Working data
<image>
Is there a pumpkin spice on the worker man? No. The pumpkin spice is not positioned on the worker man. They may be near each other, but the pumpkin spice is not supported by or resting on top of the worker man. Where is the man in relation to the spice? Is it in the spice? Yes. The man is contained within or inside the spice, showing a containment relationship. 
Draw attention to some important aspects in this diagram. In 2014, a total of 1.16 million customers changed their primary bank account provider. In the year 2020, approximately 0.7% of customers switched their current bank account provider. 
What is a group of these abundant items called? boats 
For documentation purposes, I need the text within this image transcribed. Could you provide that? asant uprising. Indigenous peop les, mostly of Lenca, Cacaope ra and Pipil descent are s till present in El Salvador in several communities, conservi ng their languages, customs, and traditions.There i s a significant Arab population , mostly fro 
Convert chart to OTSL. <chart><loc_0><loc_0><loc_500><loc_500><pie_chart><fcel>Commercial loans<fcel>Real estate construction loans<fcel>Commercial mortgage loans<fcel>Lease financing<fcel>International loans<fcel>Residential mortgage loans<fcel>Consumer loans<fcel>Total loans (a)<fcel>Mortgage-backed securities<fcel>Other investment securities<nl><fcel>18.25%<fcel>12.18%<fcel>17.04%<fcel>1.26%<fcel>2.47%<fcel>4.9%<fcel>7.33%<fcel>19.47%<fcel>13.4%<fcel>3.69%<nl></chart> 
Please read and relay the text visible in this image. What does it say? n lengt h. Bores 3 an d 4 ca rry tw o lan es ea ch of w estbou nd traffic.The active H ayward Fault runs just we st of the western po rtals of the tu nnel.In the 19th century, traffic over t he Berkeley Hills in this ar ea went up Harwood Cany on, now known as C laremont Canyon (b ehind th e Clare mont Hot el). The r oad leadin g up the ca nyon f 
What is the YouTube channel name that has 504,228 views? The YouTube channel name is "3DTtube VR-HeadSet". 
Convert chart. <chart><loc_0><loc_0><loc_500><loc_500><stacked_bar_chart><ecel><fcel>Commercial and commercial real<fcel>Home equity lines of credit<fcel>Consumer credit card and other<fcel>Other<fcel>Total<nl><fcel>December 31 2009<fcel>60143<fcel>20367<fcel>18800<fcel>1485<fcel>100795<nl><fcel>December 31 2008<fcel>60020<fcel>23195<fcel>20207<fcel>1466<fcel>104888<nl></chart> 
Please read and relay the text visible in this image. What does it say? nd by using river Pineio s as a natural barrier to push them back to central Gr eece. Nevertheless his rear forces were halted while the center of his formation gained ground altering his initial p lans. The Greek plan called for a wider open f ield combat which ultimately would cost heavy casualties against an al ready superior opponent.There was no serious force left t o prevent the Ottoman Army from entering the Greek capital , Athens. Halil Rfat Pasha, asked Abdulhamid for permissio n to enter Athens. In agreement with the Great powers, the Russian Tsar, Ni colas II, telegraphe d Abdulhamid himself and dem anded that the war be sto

Work instructions
Copy every line of the data above, beginning with the first and ending with the line that contains "Draw attention to", and give nothing more.

Completed task
<image>
Is there a pumpkin spice on the worker man? No. The pumpkin spice is not positioned on the worker man. They may be near each other, but the pumpkin spice is not supported by or resting on top of the worker man. Where is the man in relation to the spice? Is it in the spice? Yes. The man is contained within or inside the spice, showing a containment relationship. 
Draw attention to some important aspects in this diagram. In 2014, a total of 1.16 million customers changed their primary bank account provider. In the year 2020, approximately 0.7% of customers switched their current bank account provider. 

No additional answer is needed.